For Zero Data to work, the user’s browser must be able to reach the Agent’s ingress DNS endpoint directly. This is different from the standard Agent-to-Alation Cloud Service connection.

To verify connectivity:

  1. Check that the Agent’s ingress DNS endpoint resolves from the user’s network. Use a tool such as dig or nslookup from the user’s machine.

  2. Test connectivity to the ingress endpoint using the unauthenticated ping endpoint:

    curl https://zerodata.yourcompany.com/_ping

    Replace zerodata.yourcompany.com with your actual ingress hostname.

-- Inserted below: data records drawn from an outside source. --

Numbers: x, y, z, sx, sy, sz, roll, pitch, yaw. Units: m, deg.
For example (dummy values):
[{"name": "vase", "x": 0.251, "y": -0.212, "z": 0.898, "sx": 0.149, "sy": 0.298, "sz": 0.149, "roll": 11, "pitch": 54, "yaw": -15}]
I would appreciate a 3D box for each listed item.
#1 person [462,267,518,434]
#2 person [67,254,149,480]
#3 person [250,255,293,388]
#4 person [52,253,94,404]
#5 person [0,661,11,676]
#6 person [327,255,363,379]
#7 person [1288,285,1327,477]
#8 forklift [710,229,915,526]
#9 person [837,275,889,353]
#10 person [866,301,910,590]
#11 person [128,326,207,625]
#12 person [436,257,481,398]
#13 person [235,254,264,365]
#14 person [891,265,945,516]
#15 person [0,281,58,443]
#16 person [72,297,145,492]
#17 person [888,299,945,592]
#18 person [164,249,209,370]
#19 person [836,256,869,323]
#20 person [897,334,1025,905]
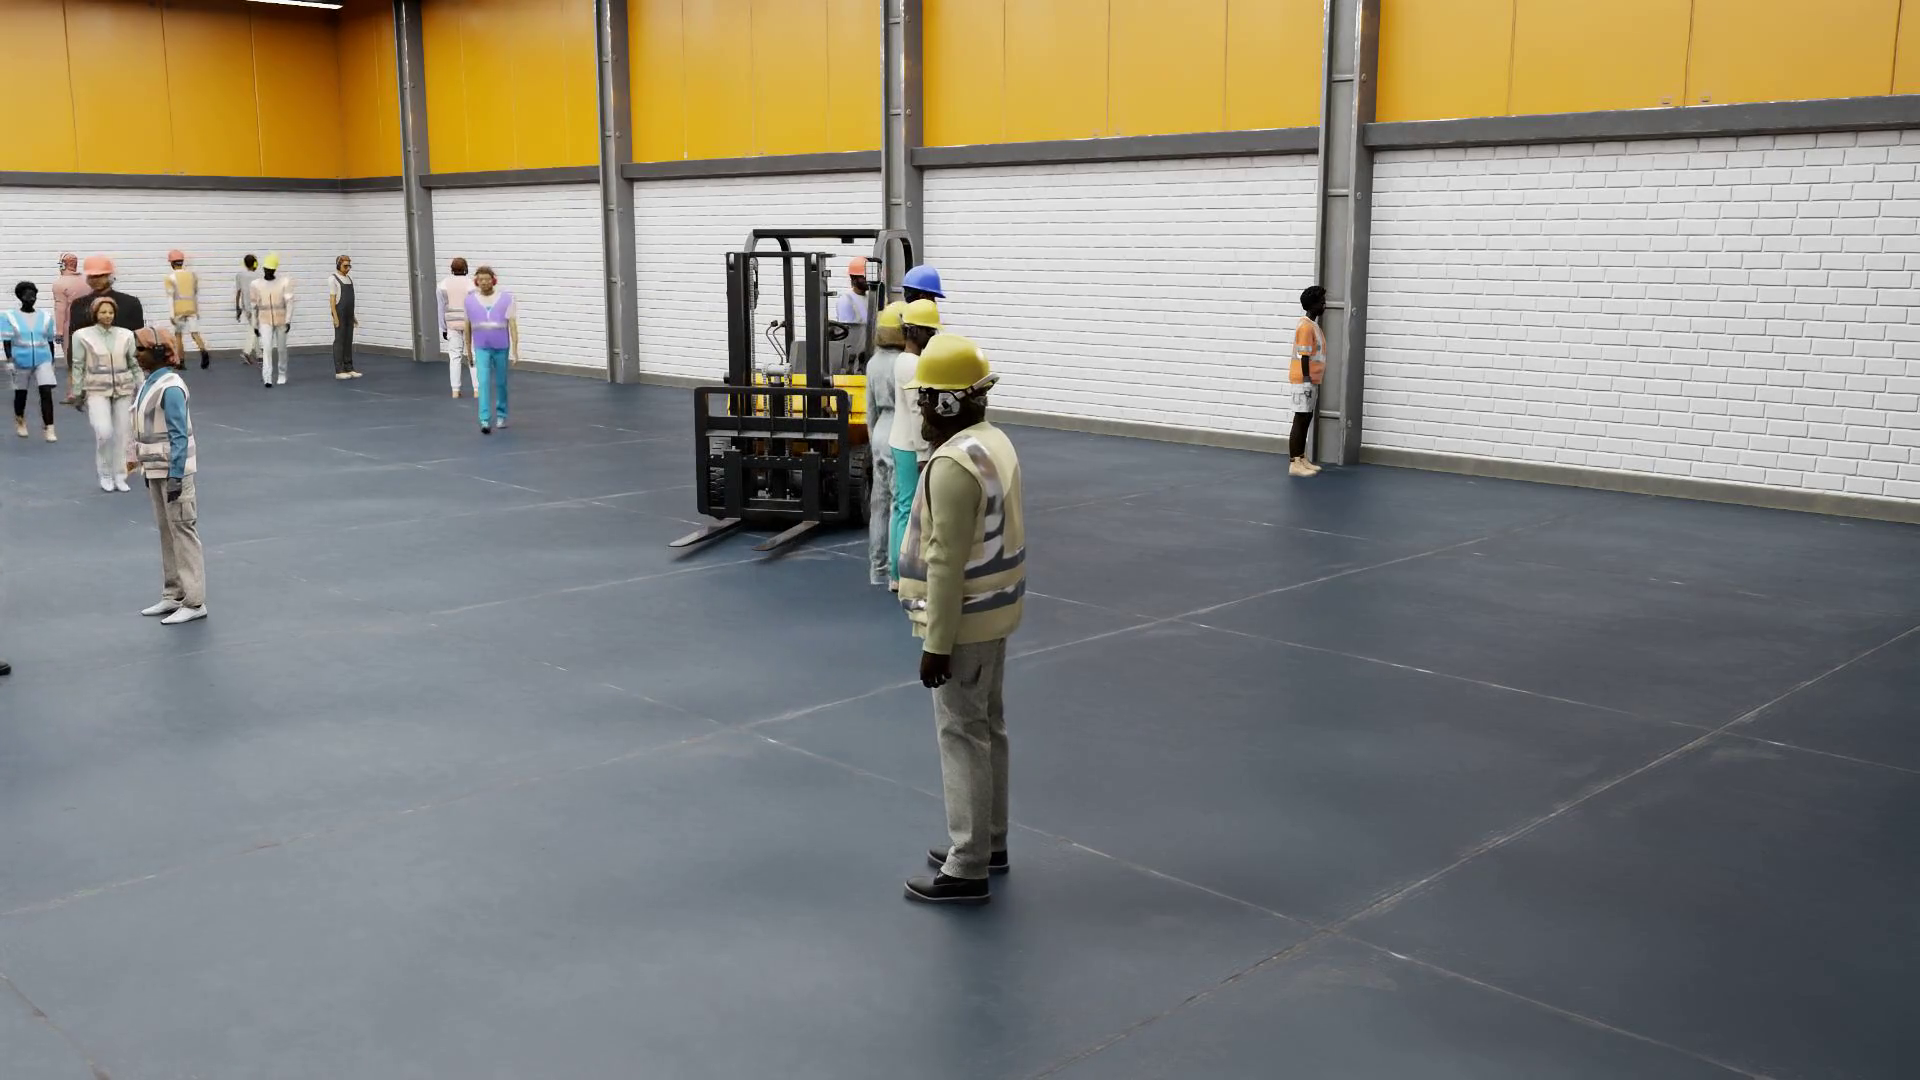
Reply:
[{"name": "person", "x": -5.104, "y": -2.069, "z": 18.100, "sx": 0.569, "sy": 1.795, "sz": 0.975, "roll": -3, "pitch": 11, "yaw": -14}, {"name": "person", "x": -7.470, "y": -1.491, "z": 14.498, "sx": 0.642, "sy": 1.953, "sz": 0.930, "roll": -1, "pitch": 10, "yaw": -3}, {"name": "person", "x": -9.737, "y": -3.105, "z": 23.584, "sx": 0.572, "sy": 1.866, "sz": 1.016, "roll": -3, "pitch": 11, "yaw": -17}, {"name": "person", "x": -11.251, "y": -2.679, "z": 21.117, "sx": 0.410, "sy": 1.909, "sz": 0.642, "roll": 3, "pitch": 11, "yaw": 14}, {"name": "person", "x": -4.789, "y": -0.258, "z": 7.847, "sx": 0.376, "sy": 1.934, "sz": 0.546, "roll": 1, "pitch": 10, "yaw": 3}, {"name": "person", "x": -9.180, "y": -3.320, "z": 24.802, "sx": 0.345, "sy": 1.840, "sz": 0.503, "roll": 3, "pitch": 11, "yaw": 15}, {"name": "person", "x": 3.093, "y": -1.413, "z": 14.808, "sx": 0.320, "sy": 1.694, "sz": 0.531, "roll": 4, "pitch": 11, "yaw": 21}, {"name": "forklift", "x": -1.050, "y": -1.319, "z": 12.920, "sx": 1.214, "sy": 2.155, "sz": 2.313, "roll": 2, "pitch": 11, "yaw": 13}, {"name": "person", "x": -1.109, "y": -2.037, "z": 17.841, "sx": 0.661, "sy": 1.822, "sz": 0.658, "roll": -7, "pitch": 12, "yaw": -33}, {"name": "person", "x": -0.366, "y": -0.567, "z": 10.053, "sx": 0.315, "sy": 1.742, "sz": 0.490, "roll": -8, "pitch": 13, "yaw": -38}, {"name": "person", "x": -4.385, "y": -0.360, "z": 9.202, "sx": 0.307, "sy": 1.641, "sz": 0.511, "roll": -9, "pitch": 14, "yaw": -41}, {"name": "person", "x": -6.530, "y": -2.787, "z": 21.885, "sx": 0.627, "sy": 1.846, "sz": 0.429, "roll": 0, "pitch": 10, "yaw": -2}, {"name": "person", "x": -11.753, "y": -3.816, "z": 27.554, "sx": 0.540, "sy": 1.834, "sz": 0.922, "roll": 2, "pitch": 11, "yaw": 9}, {"name": "person", "x": -0.274, "y": -0.798, "z": 10.775, "sx": 0.398, "sy": 1.939, "sz": 0.602, "roll": -6, "pitch": 12, "yaw": -31}, {"name": "person", "x": -9.677, "y": -1.858, "z": 17.276, "sx": 0.524, "sy": 1.668, "sz": 0.786, "roll": -9, "pitch": 13, "yaw": -39}, {"name": "person", "x": -7.029, "y": -1.196, "z": 13.780, "sx": 0.402, "sy": 1.621, "sz": 0.538, "roll": 9, "pitch": 14, "yaw": 42}, {"name": "person", "x": -0.252, "y": -0.524, "z": 9.770, "sx": 0.328, "sy": 1.762, "sz": 0.523, "roll": -2, "pitch": 11, "yaw": -10}, {"name": "person", "x": -12.217, "y": -3.621, "z": 26.233, "sx": 0.809, "sy": 1.917, "sz": 0.559, "roll": 9, "pitch": 14, "yaw": 40}, {"name": "person", "x": -0.929, "y": -1.701, "z": 15.702, "sx": 0.374, "sy": 1.935, "sz": 0.552, "roll": 5, "pitch": 12, "yaw": 27}, {"name": "person", "x": 0.002, "y": 0.253, "z": 5.367, "sx": 0.403, "sy": 1.825, "sz": 0.591, "roll": 2, "pitch": 11, "yaw": 13}]

A successful response confirms the ingress is reachable.

  3. Ensure that any firewalls or network security groups allow inbound HTTPS (port 443) traffic to the Agent’s ingress endpoint from the user’s network. See Alation’s IP Addresses for Allow Lists for details.

Run Diagnostics

Use the Agent’s built-in diagnostic tool to check the health of the Zero Data components:

kratos diagnostics run > agent_diagnostics.yaml

Send the resulting file to Alation Support if you need assistance troubleshooting the Query Service Add-on.